The critical variable is the specific clinic and surgeon, not the country. If you’re considering liposuction abroad, look for a surgeon who is a member of the International Society of Aesthetic Plastic Surgery (ISAPS), which maintains a global directory of credentialed surgeons. Verify that the facility meets local regulatory standards and has emergency protocols equivalent to what an accredited U.S. center would require. Factor in the cost of follow-up care once you return home, since complications like fluid collections or infections typically appear in the first two weeks after surgery, when you may no longer have easy access to your operating surgeon.
How to Narrow Your Search
Start with the ASPS “Find a Surgeon” tool or the ABMS verification site to identify board-certified surgeons near you. From there, confirm that the surgeon’s operating facility is accredited. During a consultation, ask how many liposuction procedures the surgeon performs each year, what technique they use, and what their complication rate looks like. A surgeon who does liposuction regularly will have clear answers to all three questions.

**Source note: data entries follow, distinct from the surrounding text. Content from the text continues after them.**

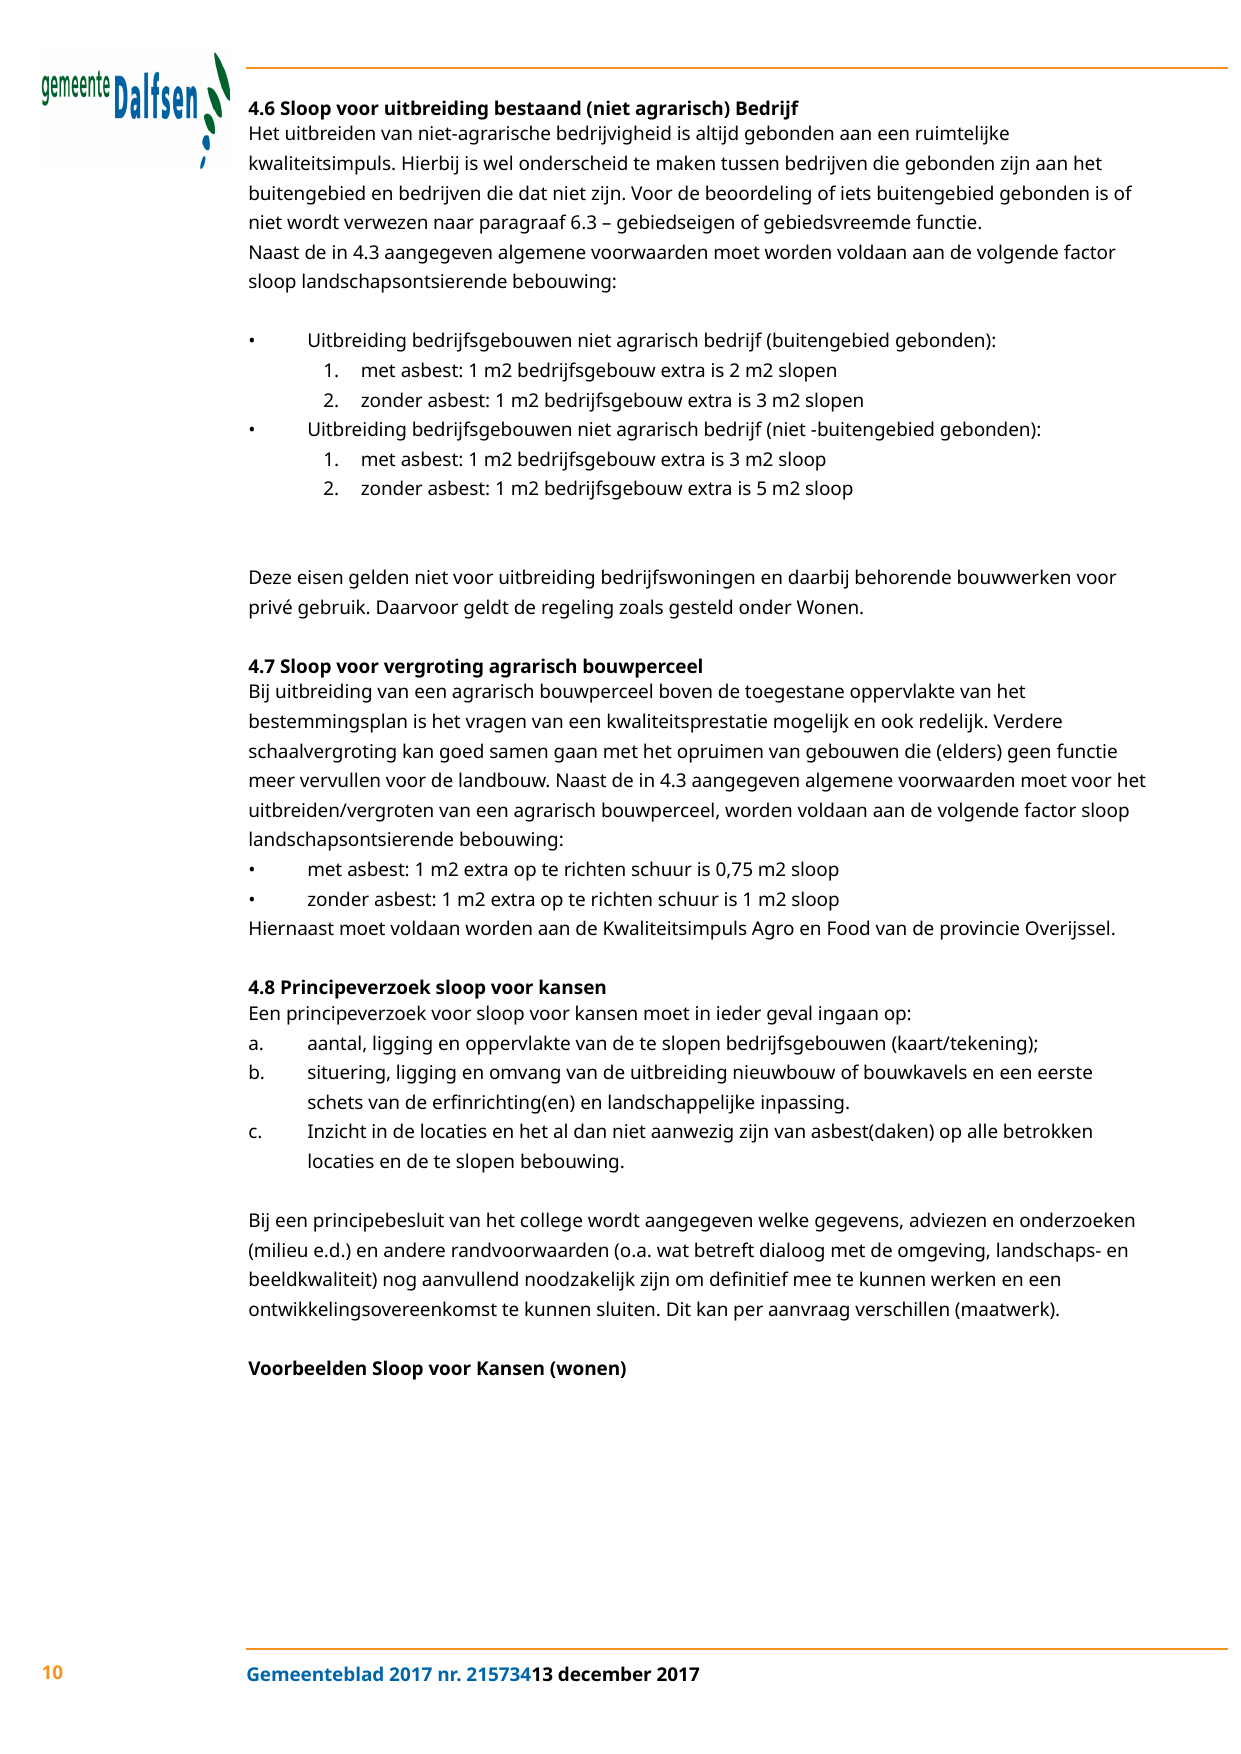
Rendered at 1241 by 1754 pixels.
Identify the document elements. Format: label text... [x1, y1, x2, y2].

text Het uitbreiden van niet-agrarische bedrijvigheid is altijd gebonden aan een ruimtelijke kwaliteitsimpuls. Hierbij is wel onderscheid te maken tussen bedrijven die gebonden zijn aan het buitengebied en bedrijven die dat niet zijn. Voor de beoordeling of iets buitengebied gebonden is of niet wordt verwezen naar paragraaf 6.3 – gebiedseigen of gebiedsvreemde functie. [248, 121, 1152, 235]
list aantal, ligging en oppervlakte van de te slopen bedrijfsgebouwen (kaart/tekening); [248, 1030, 1152, 1056]
list met asbest: 1 m2 extra op te richten schuur is 0,75 m2 sloop [248, 856, 1152, 882]
list Inzicht in de locaties en het al dan niet aanwezig zijn van asbest(daken) op alle betrokken locaties en de te slopen bebouwing. [248, 1119, 1152, 1174]
text Bij een principebesluit van het college wordt aangegeven welke gegevens, adviezen en onderzoeken (milieu e.d.) en andere randvoorwaarden (o.a. wat betreft dialoog met de omgeving, landschaps- en beeldkwaliteit) nog aanvullend noodzakelijk zijn om definitief mee te kunnen werken en een ontwikkelingsovereenkomst te kunnen sluiten. Dit kan per aanvraag verschillen (maatwerk). [248, 1207, 1152, 1322]
text Naast de in 4.3 aangegeven algemene voorwaarden moet worden voldaan aan de volgende factor sloop landschapsontsierende bebouwing: [248, 239, 1152, 294]
text Deze eisen gelden niet voor uitbreiding bedrijfswoningen en daarbij behorende bouwwerken voor privé gebruik. Daarvoor geldt de regeling zoals gesteld onder Wonen. [248, 564, 1152, 619]
list Uitbreiding bedrijfsgebouwen niet agrarisch bedrijf (buitengebied gebonden): [248, 328, 1152, 353]
text 4.8 Principeverzoek sloop voor kansen [248, 974, 1152, 1000]
list zonder asbest: 1 m2 extra op te richten schuur is 1 m2 sloop [248, 886, 1152, 912]
text 4.6 Sloop voor uitbreiding bestaand (niet agrarisch) Bedrijf [248, 95, 1152, 121]
picture [41, 47, 231, 172]
text Hiernaast moet voldaan worden aan de Kwaliteitsimpuls Agro en Food van de provincie Overijssel. [248, 915, 1152, 941]
list Uitbreiding bedrijfsgebouwen niet agrarisch bedrijf (niet -buitengebied gebonden): [248, 416, 1152, 442]
list zonder asbest: 1 m2 bedrijfsgebouw extra is 3 m2 slopen [323, 387, 1152, 412]
text Bij uitbreiding van een agrarisch bouwperceel boven de toegestane oppervlakte van het bestemmingsplan is het vragen van een kwaliteitsprestatie mogelijk en ook redelijk. Verdere schaalvergroting kan goed samen gaan met het opruimen van gebouwen die (elders) geen functie meer vervullen voor de landbouw. Naast de in 4.3 aangegeven algemene voorwaarden moet voor het uitbreiden/vergroten van een agrarisch bouwperceel, worden voldaan aan de volgende factor sloop landschapsontsierende bebouwing: [248, 679, 1152, 852]
text Een principeverzoek voor sloop voor kansen moet in ieder geval ingaan op: [248, 1000, 1152, 1026]
list zonder asbest: 1 m2 bedrijfsgebouw extra is 5 m2 sloop [323, 476, 1152, 501]
text Voorbeelden Sloop voor Kansen (wonen) [248, 1355, 1152, 1381]
text 4.7 Sloop voor vergroting agrarisch bouwperceel [248, 653, 1152, 679]
list met asbest: 1 m2 bedrijfsgebouw extra is 3 m2 sloop [323, 446, 1152, 472]
list situering, ligging en omvang van de uitbreiding nieuwbouw of bouwkavels en een eerste schets van de erfinrichting(en) en landschappelijke inpassing. [248, 1059, 1152, 1115]
list met asbest: 1 m2 bedrijfsgebouw extra is 2 m2 slopen [323, 357, 1152, 383]

Geography plays a role in pricing but not necessarily in quality. Surgeons in major metropolitan areas charge more, largely because their facility and overhead costs are higher. A board-certified surgeon in a midsize city with an accredited office suite is performing the same procedure with the same training. The consultation itself, which most practices offer for a fee of $100 to $250 that may be applied toward surgery, is the best way to evaluate both the surgeon and the facility before committing.